You might eventually find it more efficient to use the same solution to leach more or less material, depending on how complete you want your extraction to be, whether you're going to do follow up leach/leaches, and likely a half a dozen other variables. There's no one complete answer to the question of how to leach catalytic comb. 

Also is that your kitchen? No one has ever accused me of being a worry wart, but the PGMs are dangerous, comparable to other heavy metals like lead or mercury. It's a seriously bad idea to be handling them where you prepare food.
Also I wonder about the effectiveness and long term consequences of using your fireplace as a fume hood! Don't be in such a rush that you damage your home and or health.


----------



## Lou (Feb 27, 2011)

Put a sand bath underneath that beaker if you must heat it with an open flame.

Also, as skippy said--do NOT do this anywhere near where food is done. I'm not going to help if that's the case--platinum and rhodium both are extremely poisonous. Remember how sick people get from things like cisplatin for chemo treatments?
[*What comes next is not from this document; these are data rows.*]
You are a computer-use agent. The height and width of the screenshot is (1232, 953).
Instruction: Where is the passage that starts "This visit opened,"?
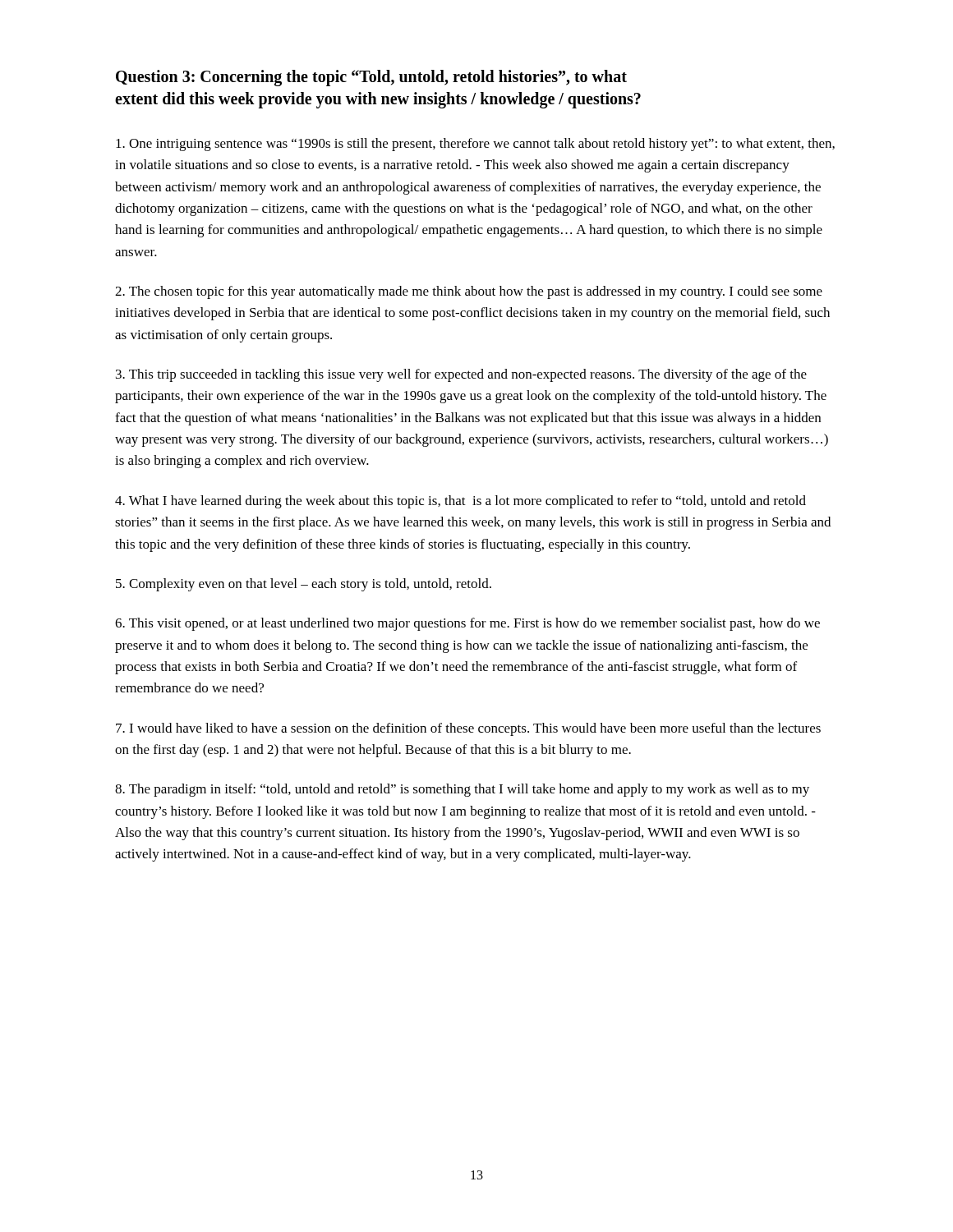click(468, 656)
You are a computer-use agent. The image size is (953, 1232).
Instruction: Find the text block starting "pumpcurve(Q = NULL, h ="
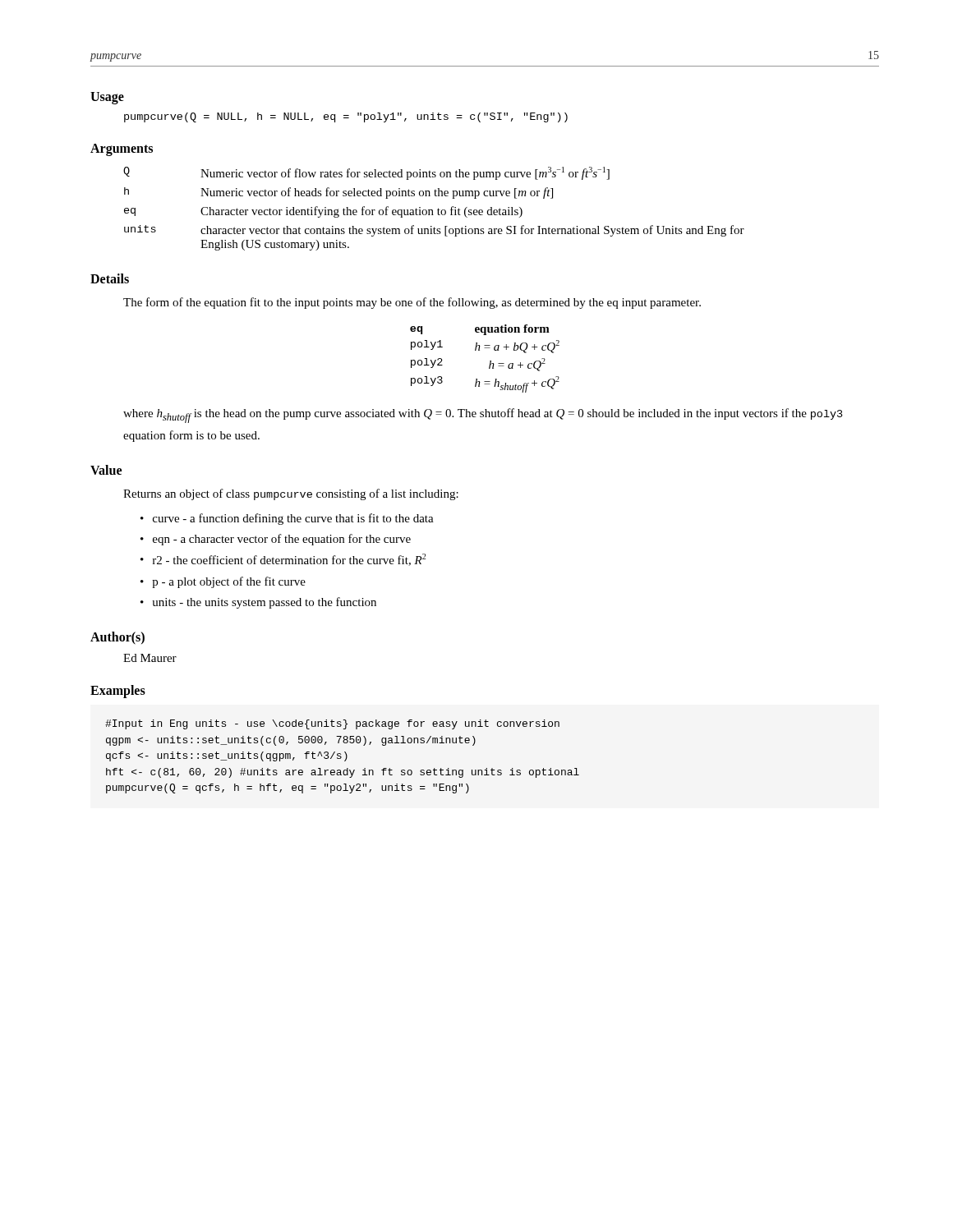[x=346, y=117]
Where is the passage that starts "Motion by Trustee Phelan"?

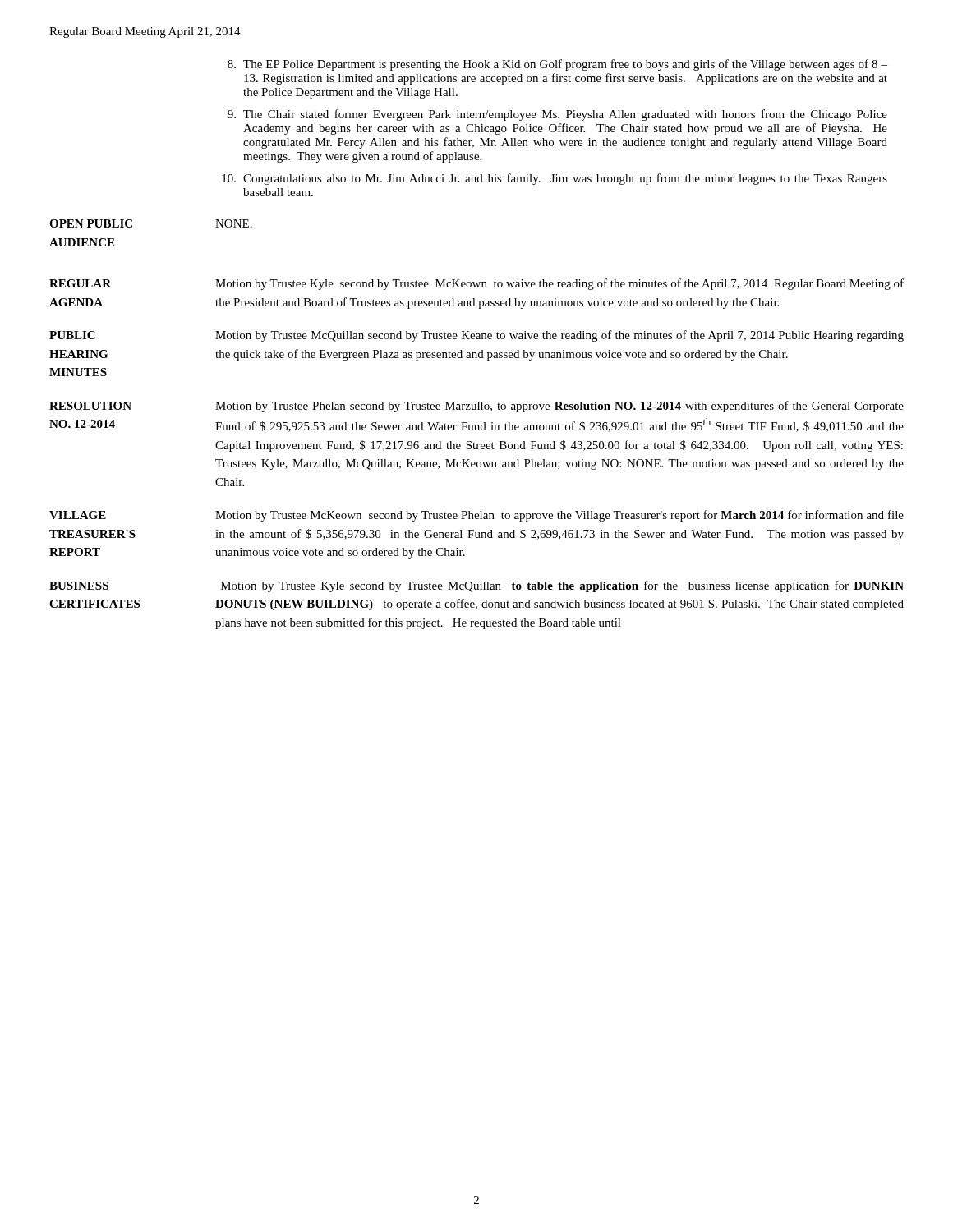(x=560, y=444)
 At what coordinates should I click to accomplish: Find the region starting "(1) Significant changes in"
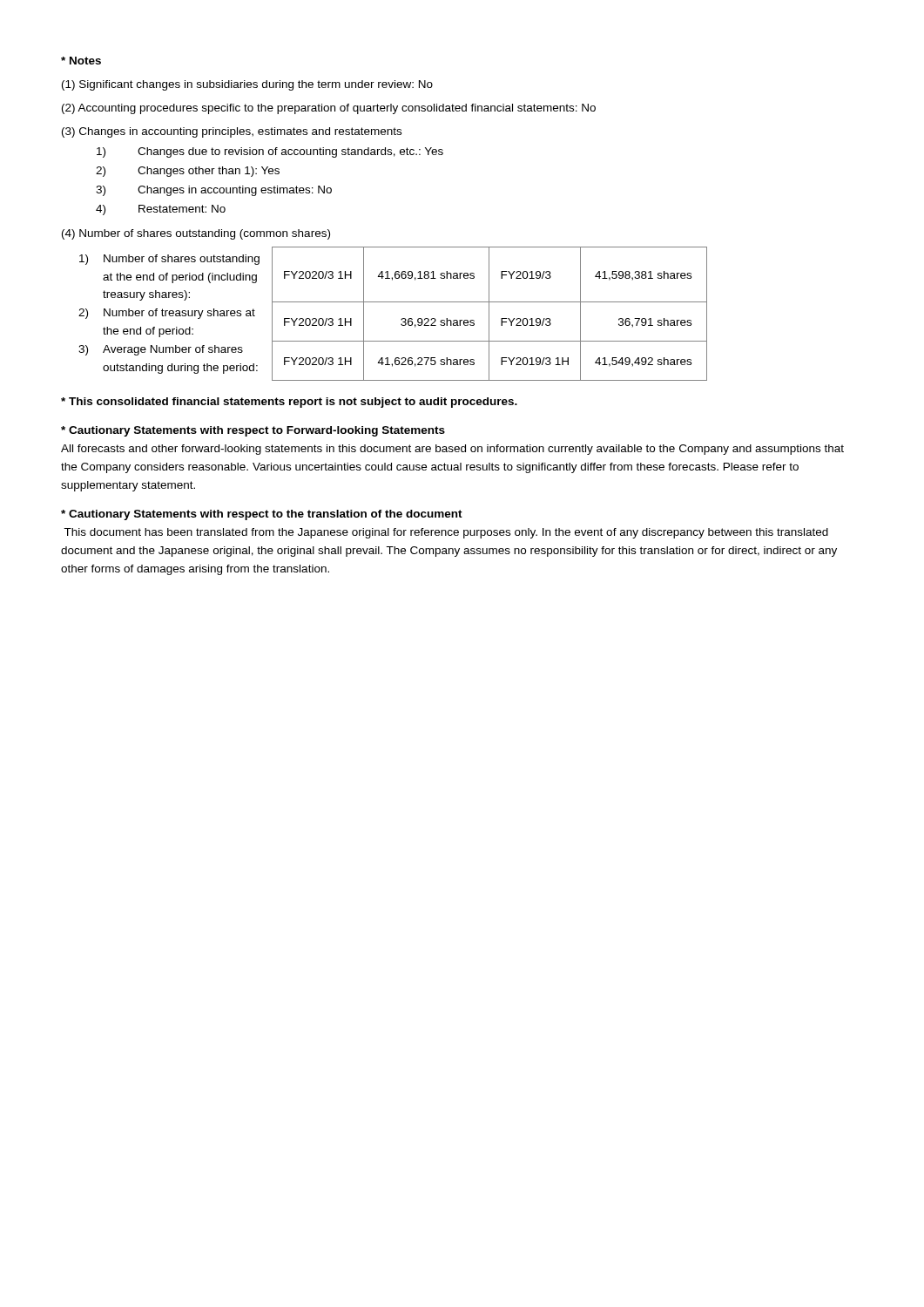247,84
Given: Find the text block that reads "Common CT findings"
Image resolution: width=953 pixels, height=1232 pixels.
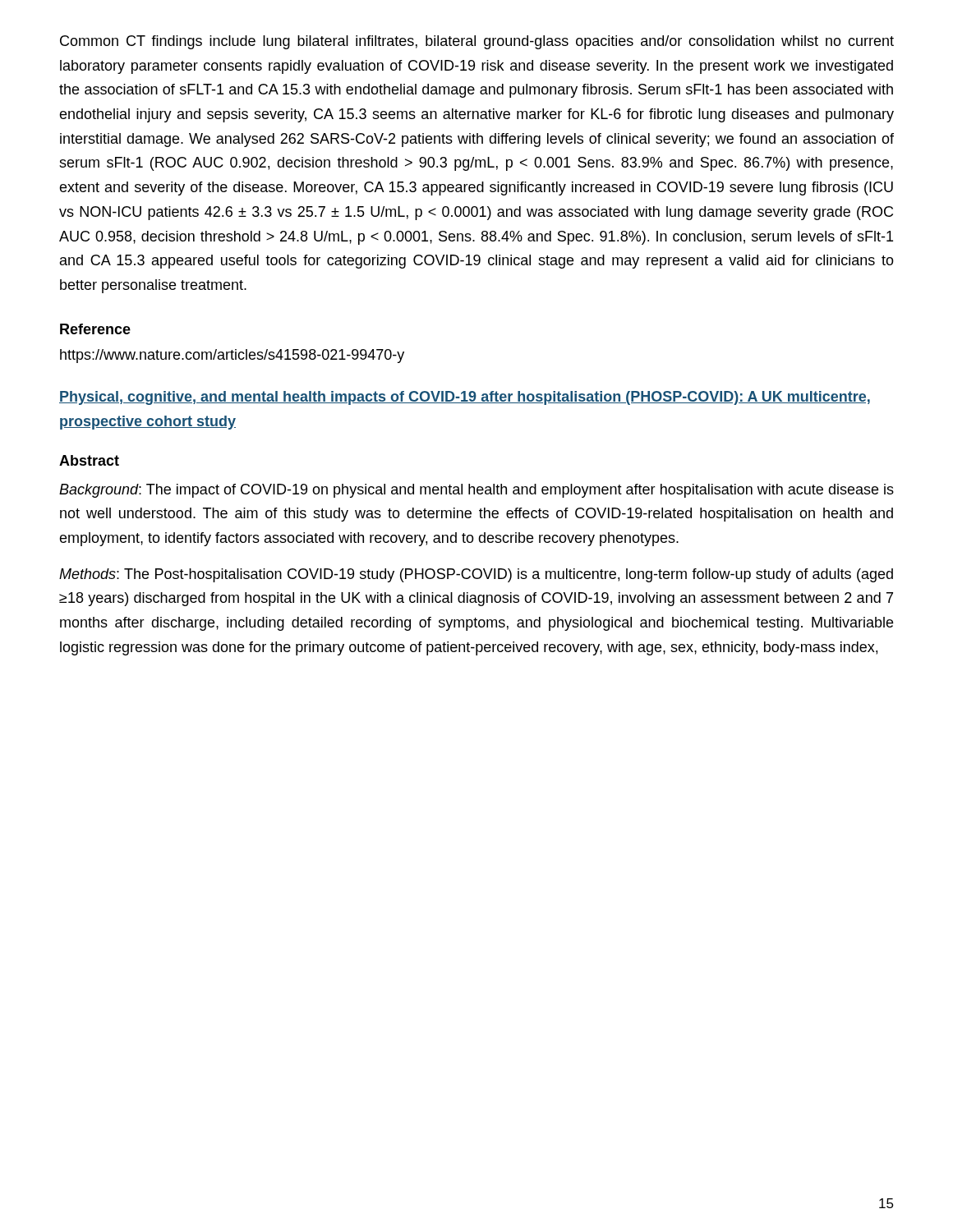Looking at the screenshot, I should point(476,163).
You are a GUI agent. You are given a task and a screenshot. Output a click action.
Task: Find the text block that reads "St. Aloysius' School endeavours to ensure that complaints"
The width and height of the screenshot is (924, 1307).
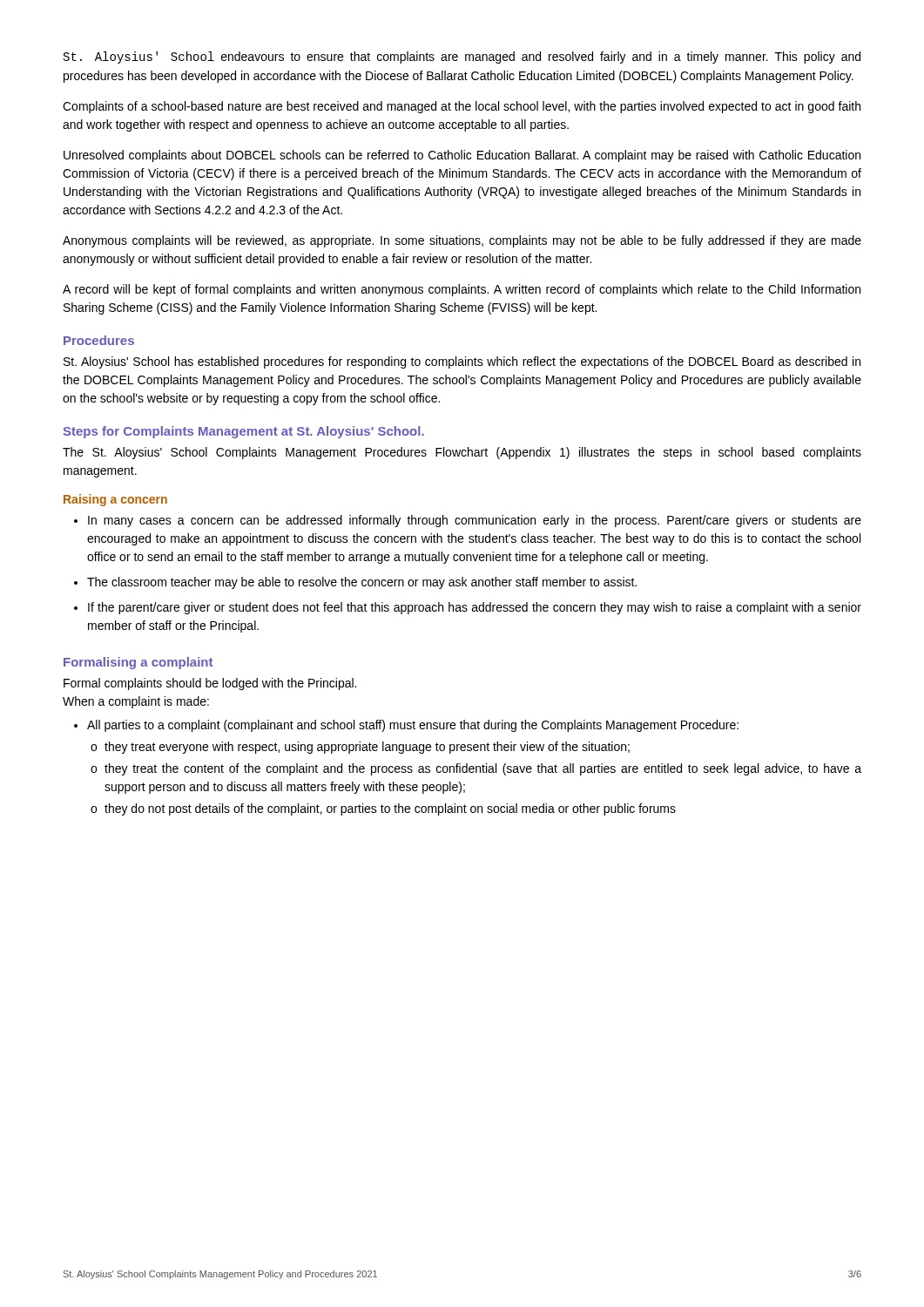pos(462,66)
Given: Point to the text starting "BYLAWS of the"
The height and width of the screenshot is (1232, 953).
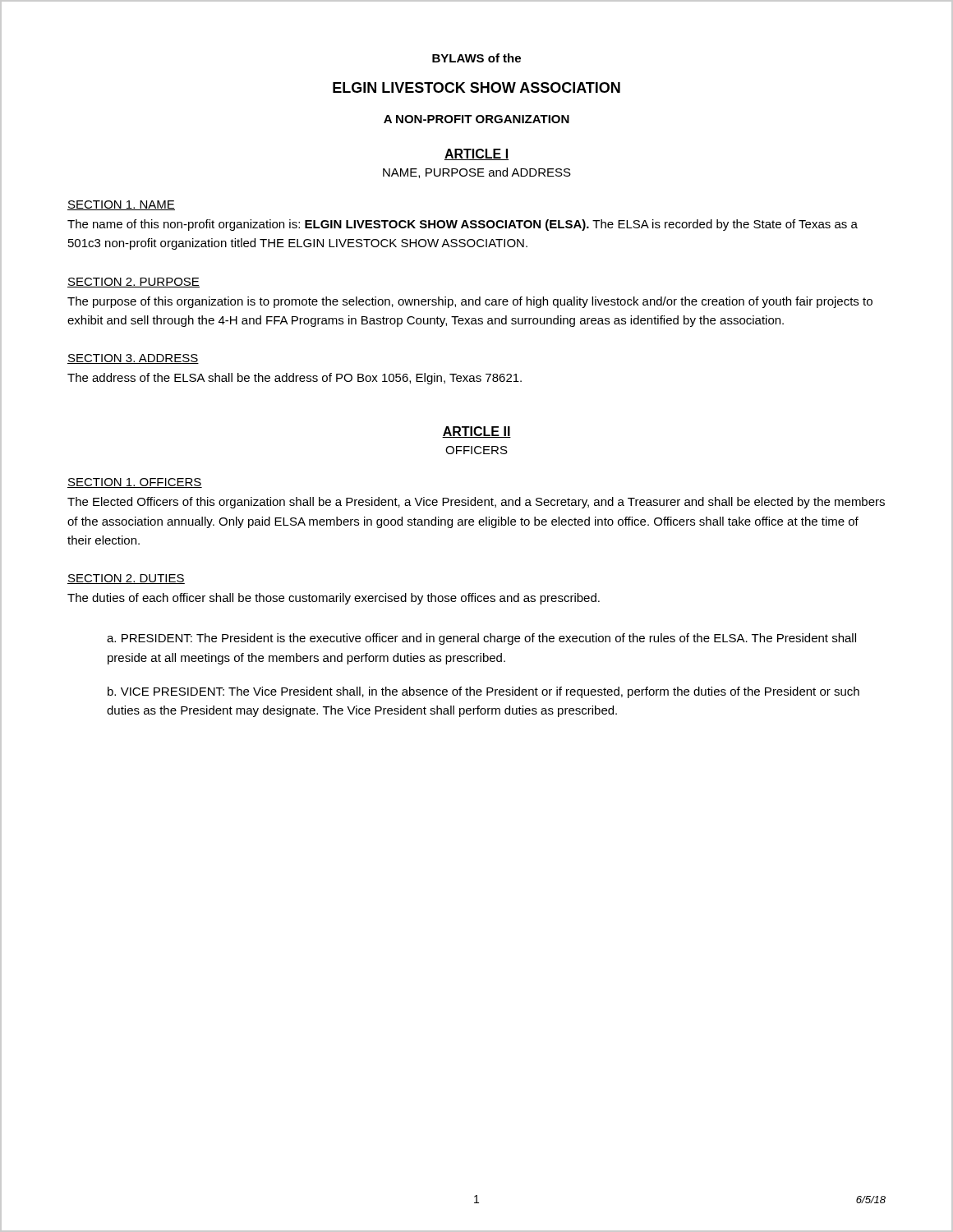Looking at the screenshot, I should (476, 58).
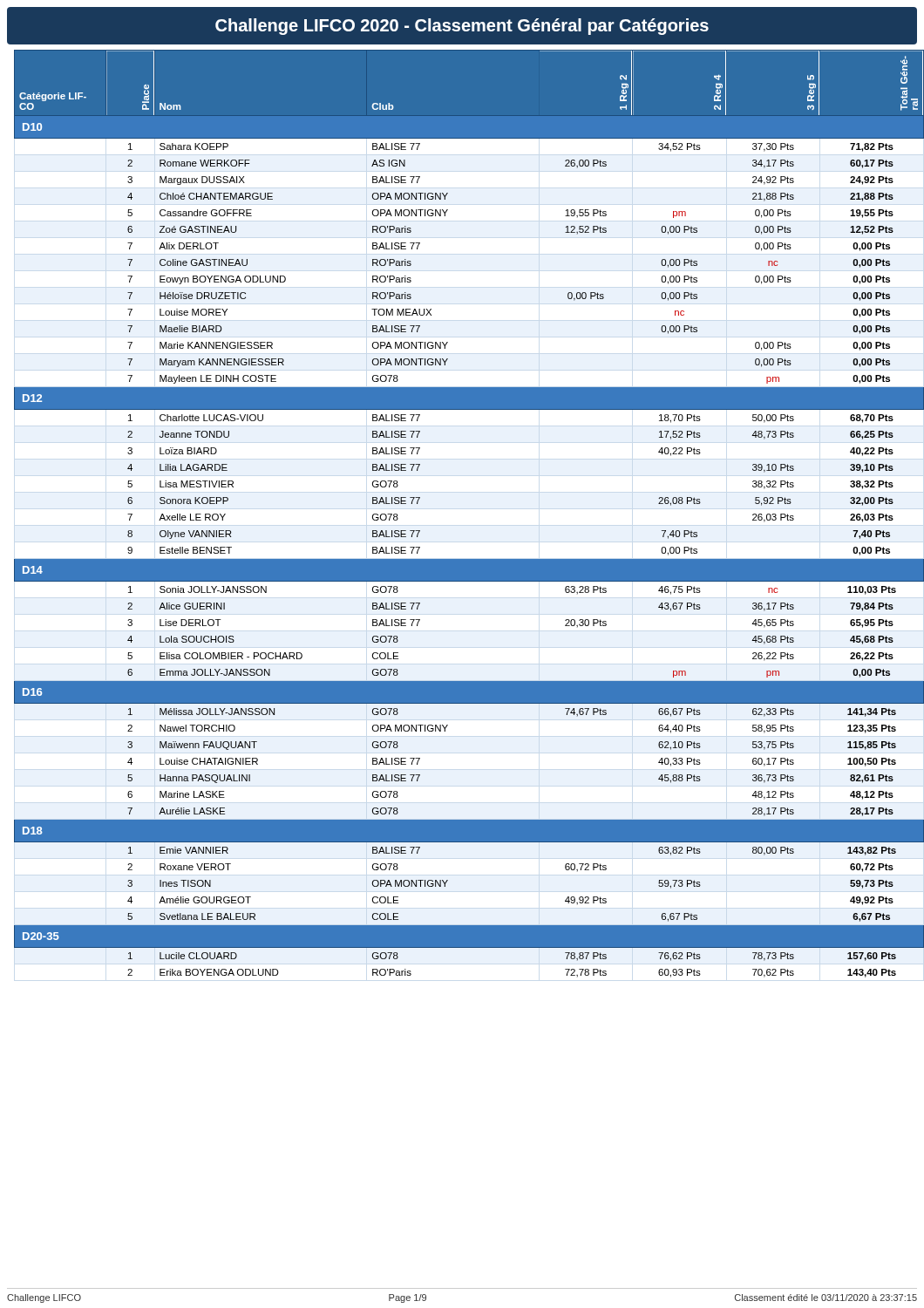Click on the table containing "123,35 Pts"

462,516

They're powerful skin sensitizers and can give you dermatitis that does not go away.

Your solution doesn't look that concentrated to me.


Lou


----------



## pgm (Feb 27, 2011)

i think for 4.5 cats you should have covered with water and then added hcl 125ml/250ml and HNO3 only 20ml or until there was no reaction....i am doing smilar amount and this is how i would do it...HNO3 is added in 1-2ml at a time and plenty of mixing...you only stop adding in HNO3 if there is no reaction.

How long are you leaching for? 5 hours / 7 hours

LOU and skippy are right about the RISK in work area. You have to be careful, money can not buy health. 

i have 3 systems running today and i have the same problem in loading the liquid with as much as possible. I was thinking of sticking with water to cover and then boil down the liquid. so i will have a beaker which is always on boil down and each time i leach it is a new batch of acid less acid. this gives me a big problem with lot's of liquid...

i dont know but does anyone know how long does a boil down take say 10 liters 1000kw hotplate ?


----------



## kjavanb123 (Feb 27, 2011)

All,
Thanks for your concerns, but this is a vacant apt that no one lives in, plus I do have a filtered mask, and goggles, so I barely smell or feel any of the smokes coming out. and no one will be moving in anytime, soon, plus this is just temp place for my testing, once i finish with this cats, i am moving to a small lab with all the fume handling equipments installed.
pgm,
I followed Steve's recipe for AR, but instead of 1000ml water, i added only 500ml, 1500ml hcl and 150ml of hno3 added when hcl + water was added and heated. i stopped adding HNO3 for the next combs. Just HCL was added to cover the comb. for the first comb, I heated gently for 1.5 hrs, for the 2nd one i heated for 1hr then boiled it for 20mins, and boiled 3rd and 4th for half of an hour. in Steve's DVD in part he dissolves the mixed black powder in AR, he heat gently at first, then boil it later, all in half and hour range, if i remember correctly, that was 8.8g of PGMs. So maybe less time to boil for each comb is needed.
Thanks
Kev


----------



## jimdoc (Feb 27, 2011)

kjavanb123 said:


> All,
> Thanks for your concerns, but this is a vacant apt that no one lives in, plus I do have a filtered mask, and goggles, so I barely smell or feel any of the smokes coming out. and no one will be moving in anytime, soon, plus this is just temp place for my testing, once i finish with this cats, i am moving to a small lab with all the fume handling equipments installed.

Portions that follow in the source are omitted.